Based on the hypothesis that the TRAP1 modulation of ribosome biogenesis under hypoxic conditions may involve the mTORC1/p70S6K pathway, western blot analysis was performed to evaluate the phosphorylation status of p70S6K, a master regulator of protein synthesis and ribosome biogenesis, in TRAP1-silenced HCT116 cells exposed to hypoxia and treated with the mTOR inhibitor everolimus at 1 µM for 24 h (Fig. 5A). Unlike oxygen deprivation that suppressed p70S6K phosphorylation, TRAP1 silencing enhanced p70S6K activation/phosphorylation compared to the respective controls and this occurred both under normoxic and hypoxic conditions. Moreover, the mTOR inhibitor, everolimus, hampered p70S6K phosphorylation under normoxic and hypoxic conditions, and in high and low TRAP1 expression backgrounds (Fig. 5A).

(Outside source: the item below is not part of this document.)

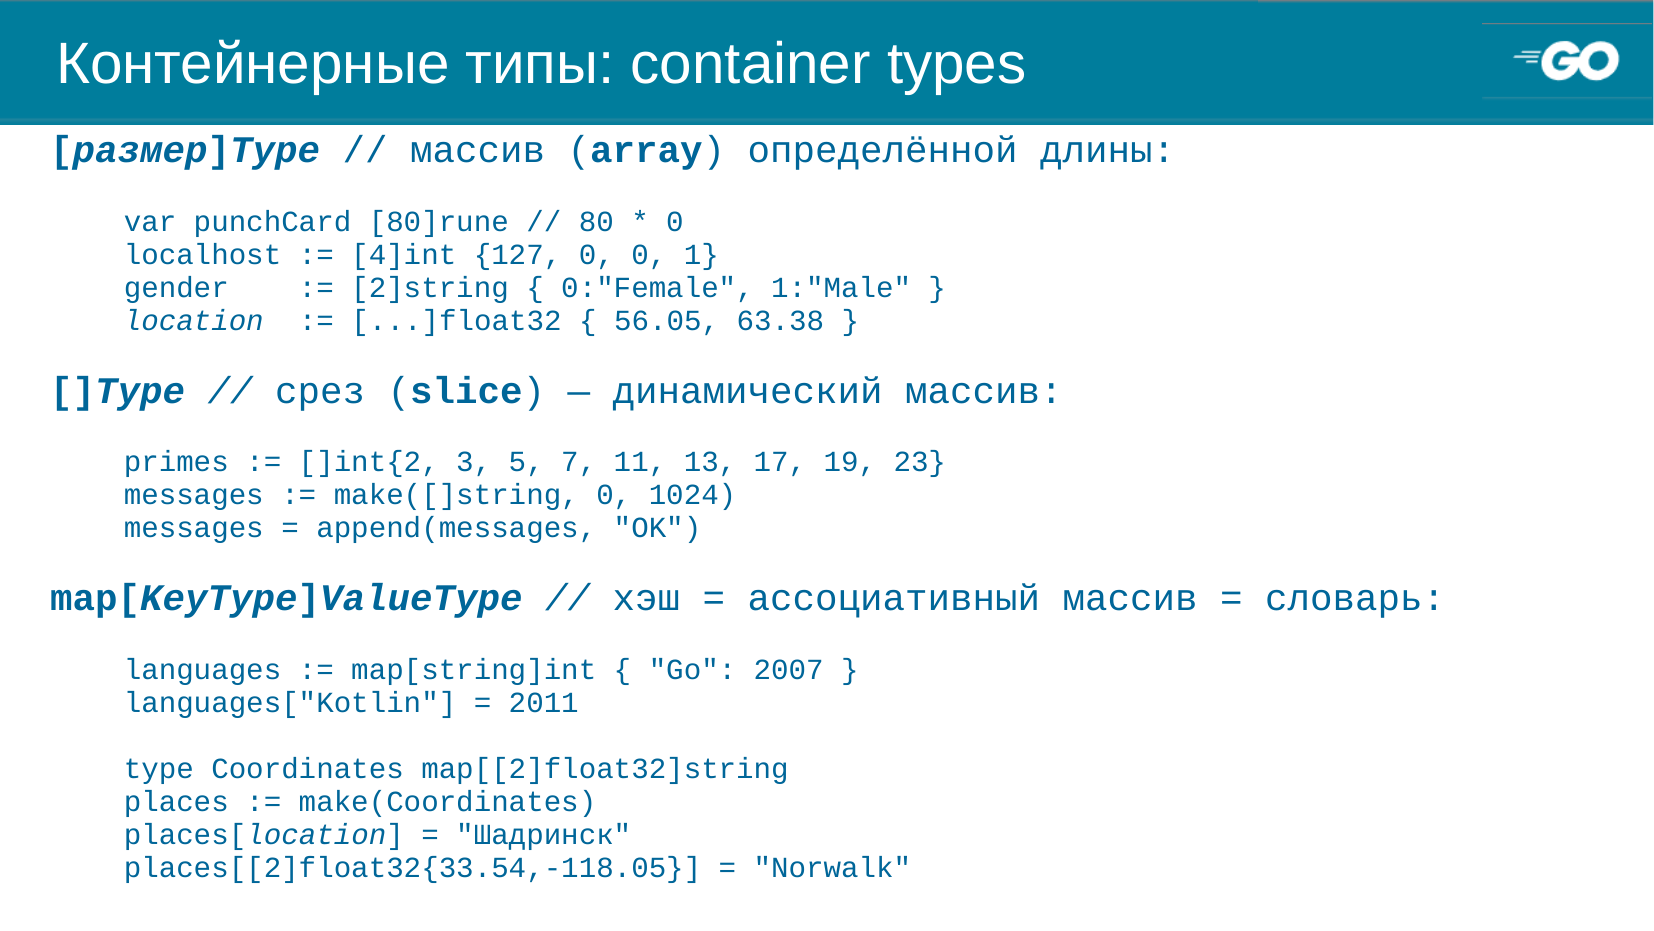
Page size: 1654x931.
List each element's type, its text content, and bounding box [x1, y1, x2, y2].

picture [1542, 41, 1619, 81]
text_box Контейнерные типы: container types [41, 23, 1495, 104]
text_box [размер]Type // массив (array) определённой длины: var punchCard [80]rune // 80 * 0 localhost := [4]int {127, 0, 0, 1} gender := [2]string { 0:"Female", 1:"Male" } location := [...]float32 { 56.05, 63.38 } []Type // срез (slice) — динамический массив: primes := []int{2, 3, 5, 7, 11, 13, 17, 19, 23} messages := make([]string, 0, 1024) messages = append(messages, "OK") map[KeyType]ValueType // хэш = ассоциативный массив = словарь: languages := map[string]int { "Go": 2007 } languages["Kotlin"] = 2011 type Coordinates map[[2]float32]string places := make(Coordinates) places[location] = "Шадринск" places[[2]float32{33.54,-118.05}] = "Norwalk" [35, 124, 1619, 898]

To corroborate the link between the TRAP1 regulation of the mTOR pathway and its control of ribosome biogenesis under hypoxic conditions, four ribosome biogenesis-related genes (i.e., IMP3, LTV1, RRS1 and UTP3) were further evaluated using RT-qPCR in TRAP1-silenced cells exposed to normoxia and hypoxia for 24 h in the presence or absence of everolimus (Fig. 5B). Data are reported as the fold change (FC) increase in gene expression in TRAP1-silenced cells compared to the respective control under normoxic and hypoxic conditions, and in the presence or absence of everolimus. As observed in Fig. 4A, TRAP1 silencing resulted in the upregulation of the expression of these genes under hypoxic conditions, and this occurred in parallel with mTOR signaling activation (Fig. 5A). Of note, mTOR signaling inhibition by everolimus in TRAP1-silenced cells attenuated the upregulation of these genes (Fig. 5B). According to previously described data, no significant differences (FC <1.5) were observed after TRAP1 silencing under normoxic conditions (siTRAP1 20% O₂ vs. siNEG 20% O₂).